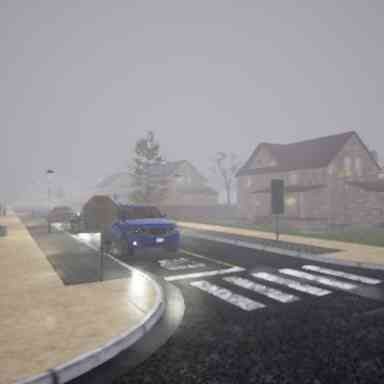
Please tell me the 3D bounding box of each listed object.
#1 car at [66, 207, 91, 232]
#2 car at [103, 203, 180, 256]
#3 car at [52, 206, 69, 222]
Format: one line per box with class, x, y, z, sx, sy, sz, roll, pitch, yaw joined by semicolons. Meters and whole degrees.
car;-7.505;2.068;24.060;1.994;1.385;4.181;0;-1;-29
car;-2.563;1.544;15.133;2.150;2.045;5.566;0;-1;-29
car;-13.397;2.203;34.652;1.882;1.535;5.008;0;-1;-29
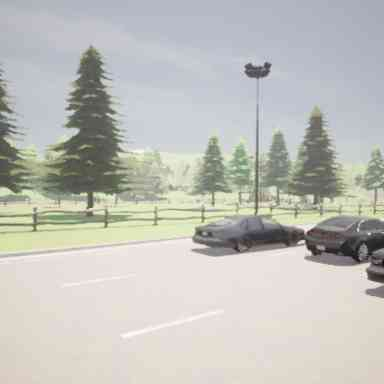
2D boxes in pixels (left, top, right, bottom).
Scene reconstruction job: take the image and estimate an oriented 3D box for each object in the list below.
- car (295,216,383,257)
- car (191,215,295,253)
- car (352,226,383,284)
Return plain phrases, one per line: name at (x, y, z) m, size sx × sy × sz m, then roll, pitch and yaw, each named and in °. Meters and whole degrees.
car at (6.342, 1.669, 12.636) m, size 4.892 × 1.490 × 1.837 m, roll 1°, pitch 0°, yaw -35°
car at (2.557, 1.683, 14.265) m, size 5.357 × 1.411 × 2.033 m, roll 1°, pitch -1°, yaw -35°
car at (6.614, 1.683, 8.561) m, size 5.357 × 1.411 × 2.033 m, roll 1°, pitch -1°, yaw -35°

**Aim of the exercise**
In the entries above, count each line holding the word "object" and give that count alone.

**Task response**
2